General Discussion
In reply to the discussion: So it turns out that pro-gun proponents don't really support background checks after all [View all]rrneck
(17,671 posts)Keeping records on felons is fine I guess, but are we really just keeping records on felons? The assumption is that guns get transferred from legal owners to illegal owners, right? New guns already require a background check, so we're talking about transfers between people who are not dealers. So half of every illegal transfer would require a non felon, who would ostensibly have to become a felon at the moment of illegal transfer. You can't really expect a law to work unless it has teeth, and teeth presume prosecution. Prosecution assumes proof in a court of law. Proof assumes documentation of transfer.
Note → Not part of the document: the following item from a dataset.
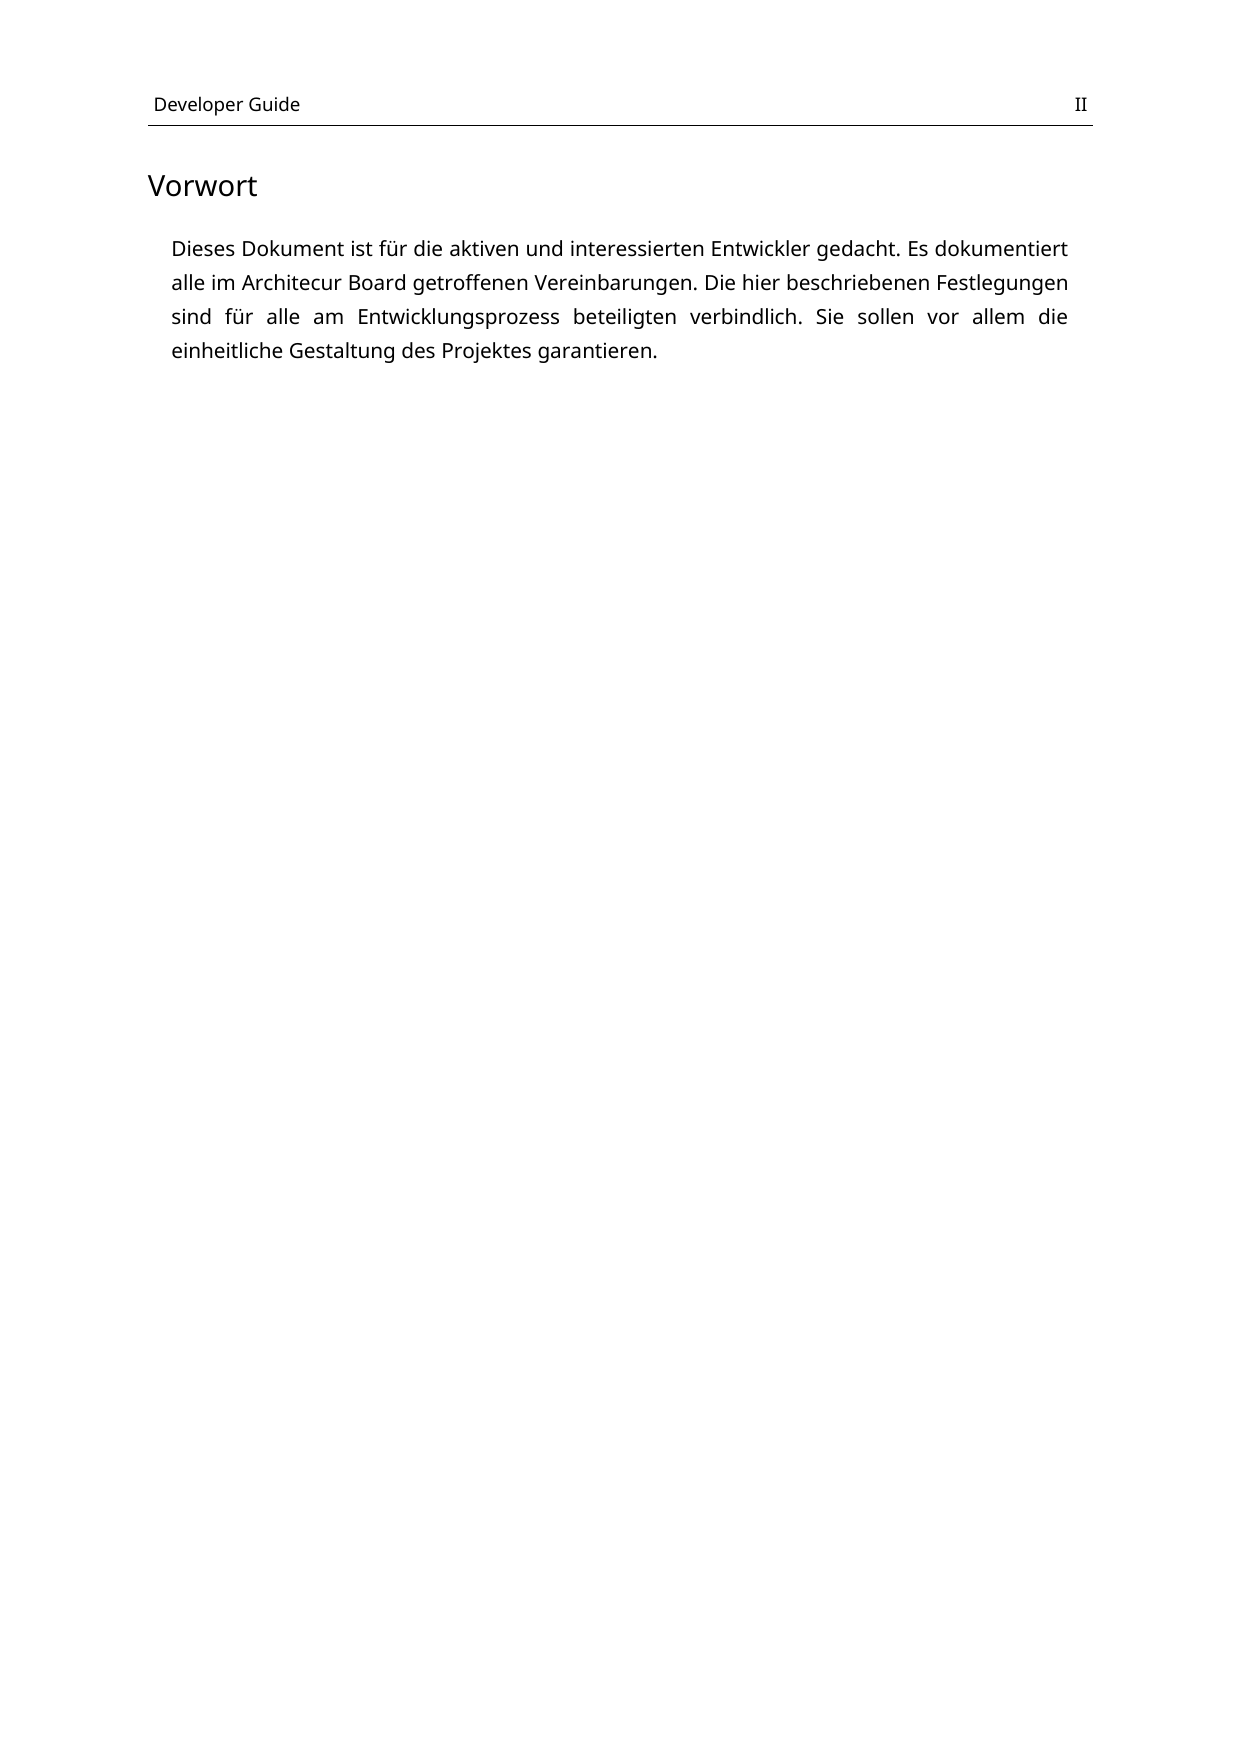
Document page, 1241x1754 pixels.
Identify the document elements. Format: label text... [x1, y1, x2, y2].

text Vorwort [148, 165, 1093, 204]
text Dieses Dokument ist für die aktiven und interessierten Entwickler gedacht. Es dokumentiert alle im Architecur Board getroffenen Vereinbarungen. Die hier beschriebenen Festlegungen sind für alle am Entwicklungsprozess beteiligten verbindlich. Sie sollen vor allem die einheitliche Gestaltung des Projektes garantieren. [171, 234, 1069, 364]

But what are we documenting? What is being registered? We are documenting something that happens between two people - the transfer of a firearm. That's a relationship, and I'm not enthused with the documentation of that particular relationship. I know that lots of things that get transferred between people are documented (insert car analogy here), but guns are personal items that occupy a different cultural space than almost any other piece of property.
So to answer your question, no, I can't think of a way to register firearms with which I am comfortable. Unfortunately, when I ask my fellow Democrats here on DU to explain it to me, the only answer I seem to get is "I'm not a lawyer" or "there's no way to convince you" or some other such excuse.
That's not to say that I want bad guys to have guns. What I want, but I don't think there is a way to get, is a means to adequately separate guns and bad guys without seriously eroding law abiding citizens civil rights or their privacy. Furthermore, efforts to do so seem to me to be a dangerous distortion of liberal ideology to no good end.